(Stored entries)
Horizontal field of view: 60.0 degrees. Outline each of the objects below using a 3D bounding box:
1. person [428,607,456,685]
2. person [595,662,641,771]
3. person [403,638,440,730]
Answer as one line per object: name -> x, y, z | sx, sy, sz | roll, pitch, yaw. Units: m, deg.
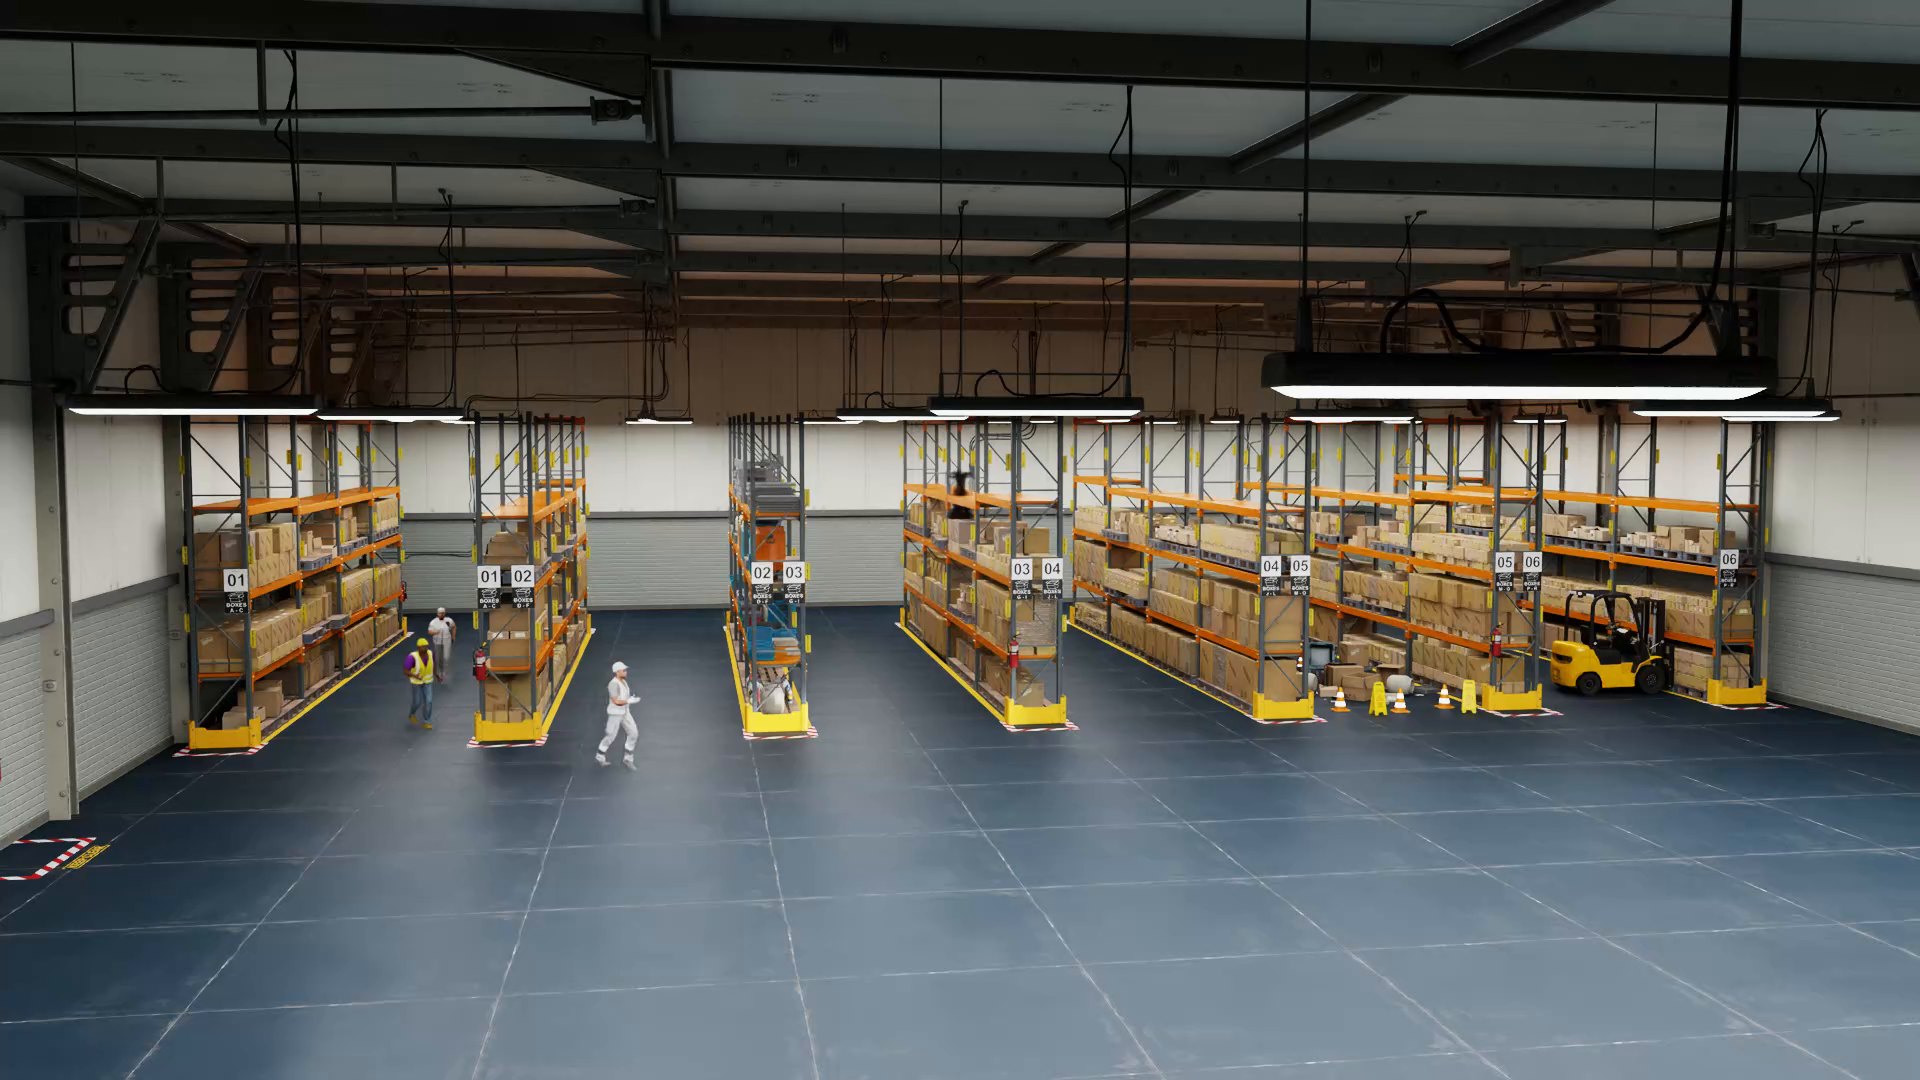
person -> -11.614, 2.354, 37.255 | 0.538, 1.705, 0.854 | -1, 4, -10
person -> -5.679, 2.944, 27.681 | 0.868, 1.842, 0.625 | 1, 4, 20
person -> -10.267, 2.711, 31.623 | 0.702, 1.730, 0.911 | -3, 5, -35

--

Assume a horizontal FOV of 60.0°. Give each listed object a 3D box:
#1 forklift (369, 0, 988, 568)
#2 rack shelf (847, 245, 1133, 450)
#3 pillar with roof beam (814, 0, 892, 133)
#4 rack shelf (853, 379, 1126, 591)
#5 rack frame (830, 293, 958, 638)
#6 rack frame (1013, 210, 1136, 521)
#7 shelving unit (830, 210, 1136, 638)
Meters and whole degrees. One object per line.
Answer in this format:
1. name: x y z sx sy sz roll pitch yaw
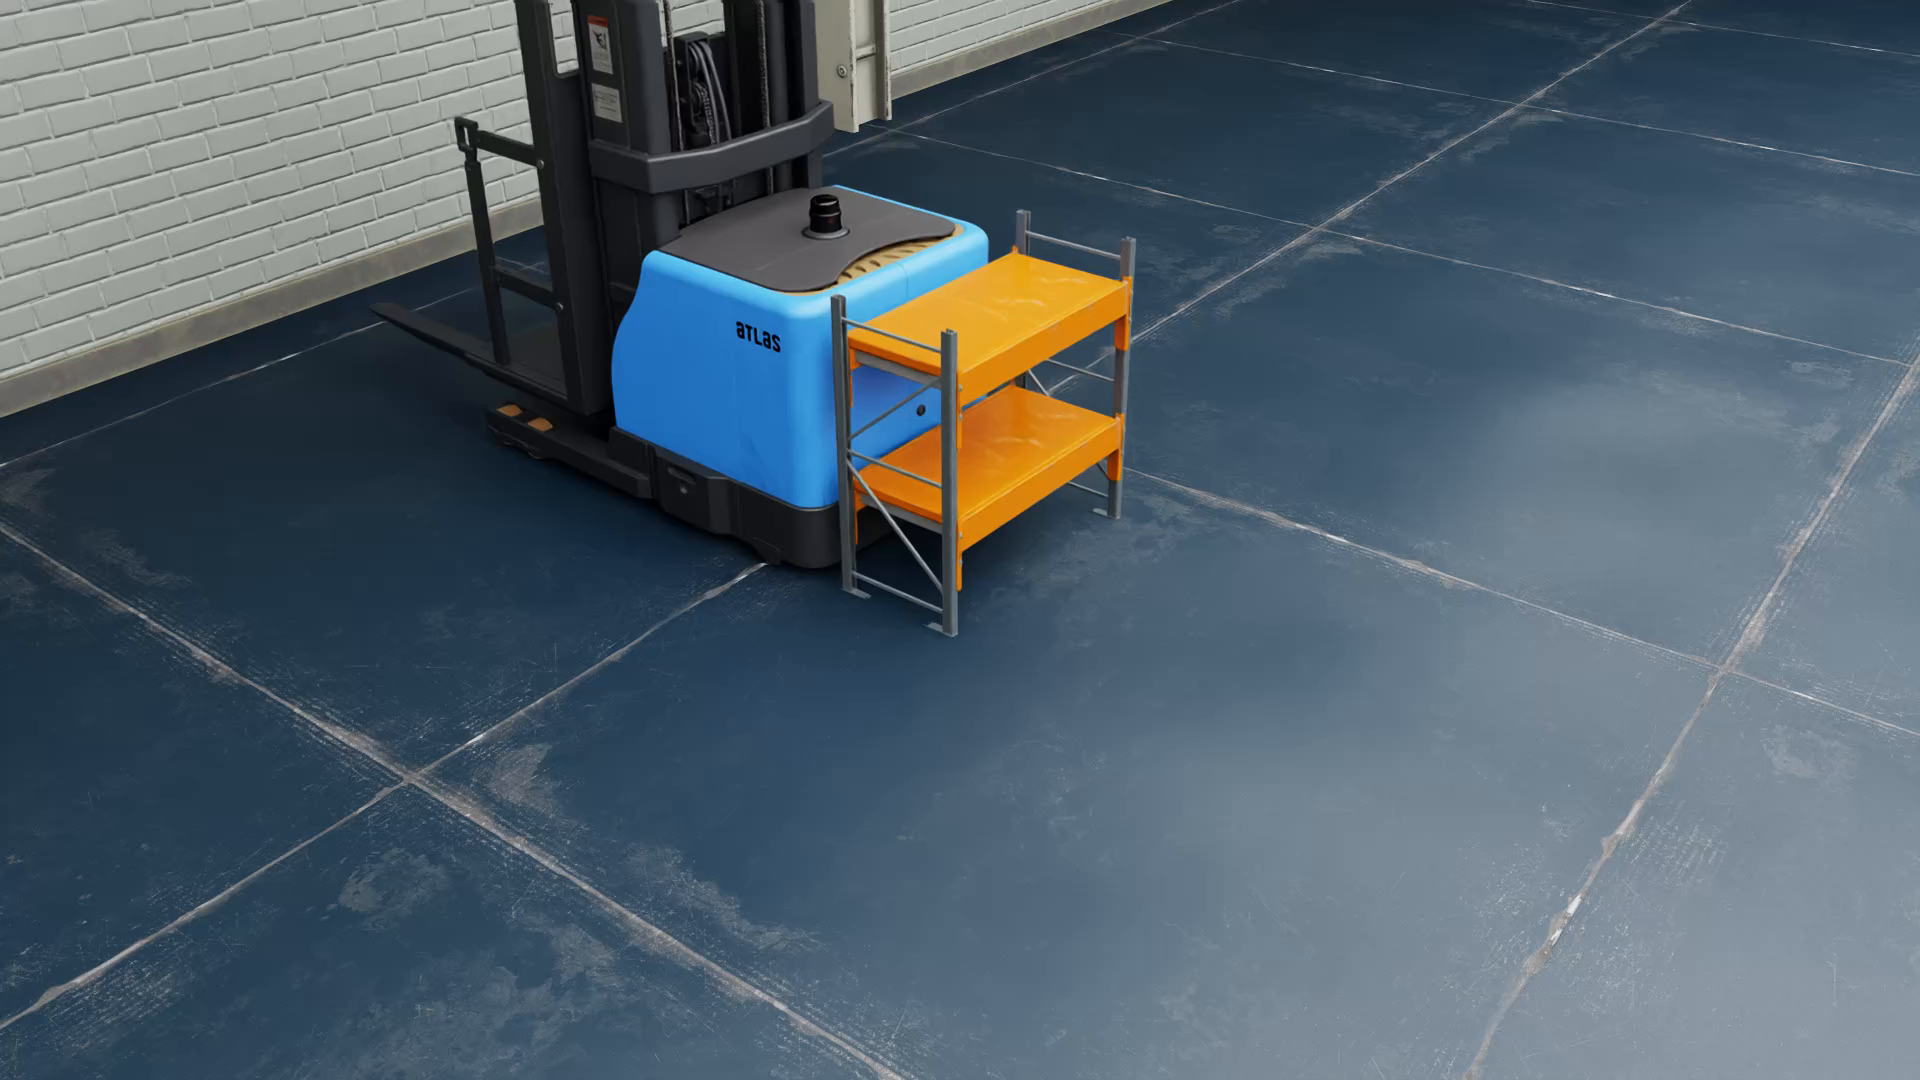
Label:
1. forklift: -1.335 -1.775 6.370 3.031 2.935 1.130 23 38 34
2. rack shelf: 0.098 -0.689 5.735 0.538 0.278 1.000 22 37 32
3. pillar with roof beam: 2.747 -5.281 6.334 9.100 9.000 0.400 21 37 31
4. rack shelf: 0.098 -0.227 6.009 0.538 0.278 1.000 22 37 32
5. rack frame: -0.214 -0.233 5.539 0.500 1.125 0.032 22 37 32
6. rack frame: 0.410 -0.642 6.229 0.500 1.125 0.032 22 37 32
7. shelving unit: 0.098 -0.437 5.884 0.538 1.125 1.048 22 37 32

• Action item
From the records above, reproduce exactly the lines from the one with "1. person [428,607,456,685]" to the one with "3. person [403,638,440,730]", both included, and no others.

• Task solution
1. person [428,607,456,685]
2. person [595,662,641,771]
3. person [403,638,440,730]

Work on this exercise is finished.